The following shows an example about how to use the above pre-trained model to start the server:

Command to start the server using the above pre-trained model

#!/usr/bin/env bash

export CUDA_VISIBLE_DEVICES=1

nn_model_filename=./icefall-aishell-pruned-transducer-stateless3-2022-06-20/exp/cpu_jit-epoch-29-avg-5-torch-1.6.0.pt
token_filename=./icefall-aishell-pruned-transducer-stateless3-2022-06-20/data/lang_char/tokens.txt

sherpa/bin/pruned_transducer_statelessX/offline_server.py \
  --port 6010 \
  --num-device 1 \
  --max-batch-size 10 \
  --max-wait-ms 5 \
  --feature-extractor-pool-size 5 \
  --nn-pool-size 2 \
  --max-active-connections 10 \
  --nn-model-filename $nn_model_filename \
  --token-filename $token_filename

When the server is started, you should see something like below:

Output after starting the server

2022-06-21 17:33:10,000 INFO [offline_server.py:371] started
2022-06-21 17:33:10,002 INFO [server.py:707] server listening on 0.0.0.0:6010
2022-06-21 17:33:10,002 INFO [server.py:707] server listening on [::]:6010

Start the client

We also provide a Python script sherpa/bin/pruned_transducer_statelessX/offline_client.py for the client.

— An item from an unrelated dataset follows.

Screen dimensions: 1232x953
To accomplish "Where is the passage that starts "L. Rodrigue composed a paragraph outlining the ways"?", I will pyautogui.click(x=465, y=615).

./sherpa/bin/pruned_transducer_statelessX/offline_client.py --help

shows the following help information:

Output of ./sherpa/bin/pruned_transducer_statelessX/offline_client.py --help

usage: offline_client.py [-h] [--server-addr SERVER_ADDR] [--server-port SERVER_PORT] sound_files [sound_files ...]

positional arguments:
  sound_files           The input sound file(s) to transcribe. Supported formats are those supported by torchaudio.load(). For
                        example, wav and flac are supported. The sample rate has to be 16kHz.

optional arguments:
  -h, --help            show this help message and exit
  --server-addr SERVER_ADDR
                        Address of the server (default: localhost)
  --server-port SERVER_PORT
                        Port of the server (default: 6006)

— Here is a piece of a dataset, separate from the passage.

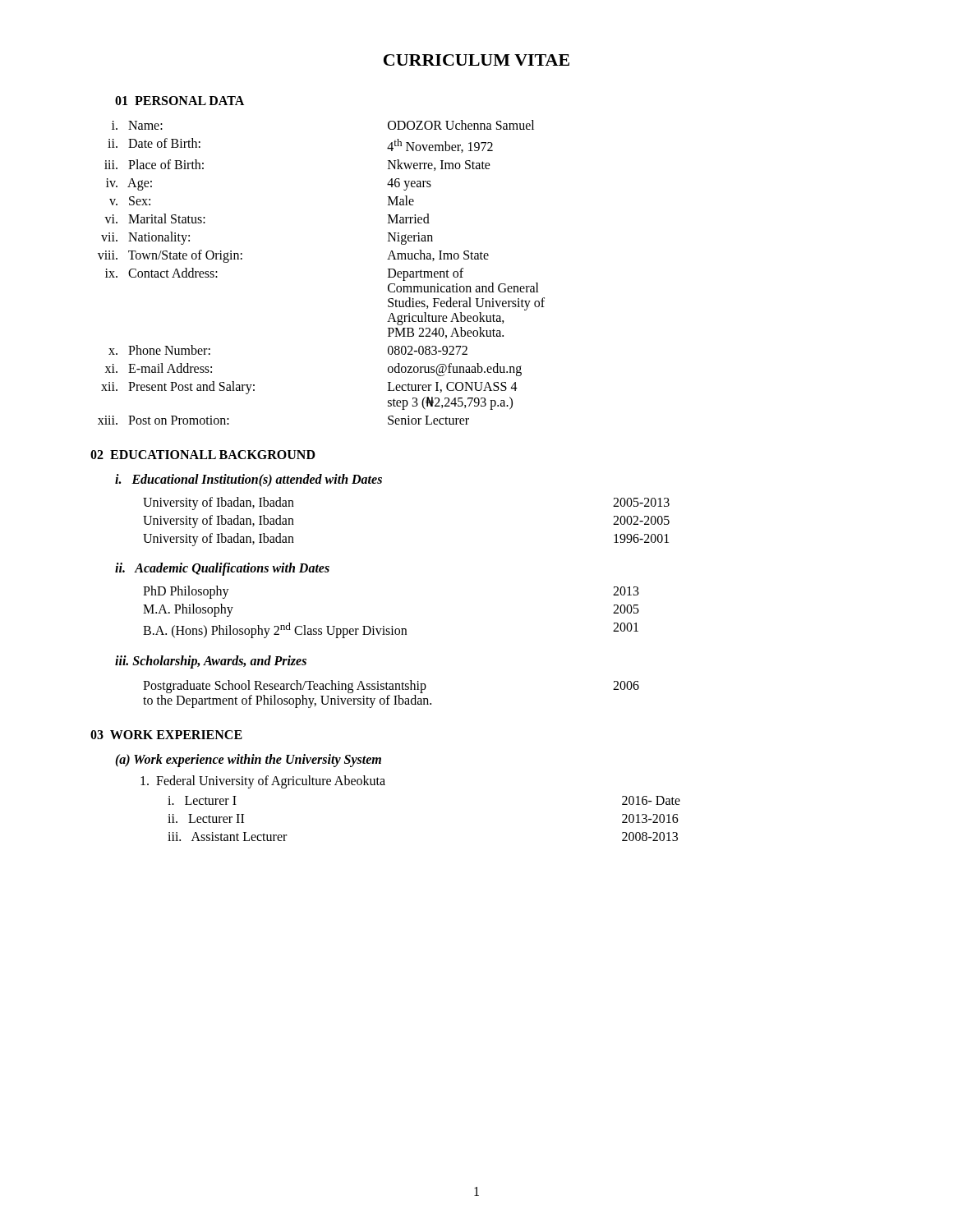
Task: Click on the table containing "ii. Lecturer II"
Action: click(513, 819)

We provide some test waves in the git repo you just cloned. The following command shows you how to start the client:

Start the client and send multiple sound files for recognition

#!/usr/bin/env bash

sherpa/bin/pruned_transducer_statelessX/offline_client.py \
  --server-addr localhost \
  --server-port 6010 \
  ./icefall-aishell-pruned-transducer-stateless3-2022-06-20/test_wavs/BAC009S0764W0121.wav \
  ./icefall-aishell-pruned-transducer-stateless3-2022-06-20/test_wavs/BAC009S0764W0122.wav \
  ./icefall-aishell-pruned-transducer-stateless3-2022-06-20/test_wavs/BAC009S0764W0123.wav

You will see the following output from the client side:

Recogntion results received by the client

Sending ./icefall-aishell-pruned-transducer-stateless3-2022-06-20/test_wavs/BAC009S0764W0121.wav
./icefall-aishell-pruned-transducer-stateless3-2022-06-20/test_wavs/BAC009S0764W0121.wav
 甚至出现交易几乎停滞的情况

Sending ./icefall-aishell-pruned-transducer-stateless3-2022-06-20/test_wavs/BAC009S0764W0122.wav
./icefall-aishell-pruned-transducer-stateless3-2022-06-20/test_wavs/BAC009S0764W0122.wav
 一二线城市虽然也处于调整中

Sending ./icefall-aishell-pruned-transducer-stateless3-2022-06-20/test_wavs/BAC009S0764W0123.wav
./icefall-aishell-pruned-transducer-stateless3-2022-06-20/test_wavs/BAC009S0764W0123.wav
 但因为聚集了过多公共资源

while the server side log is:

2022-06-21 17:33:10,000 INFO [offline_server.py:371] started
2022-06-21 17:33:10,002 INFO [server.py:707] server listening on 0.0.0.0:6010
2022-06-21 17:33:10,002 INFO [server.py:707] server listening on [::]:6010
2022-06-21 17:39:30,148 INFO [server.py:642] connection open
2022-06-21 17:39:30,148 INFO [offline_server.py:552] Connected: ('127.0.0.1', 59558). Number of connections: 1/10
2022-06-21 17:39:33,757 INFO [offline_server.py:573] Disconnected: ('127.0.0.1', 59558)
2022-06-21 17:39:33,758 INFO [server.py:260] connection closed

Congratulations! You have succeeded in starting the server and client using a pre-trained model with sherpa.

We provide a colab notebook for you to try this tutorial step by step.

It describes not only how to setup the environment, but it also shows you how to compute the WER and RTF of the aishell test dataset.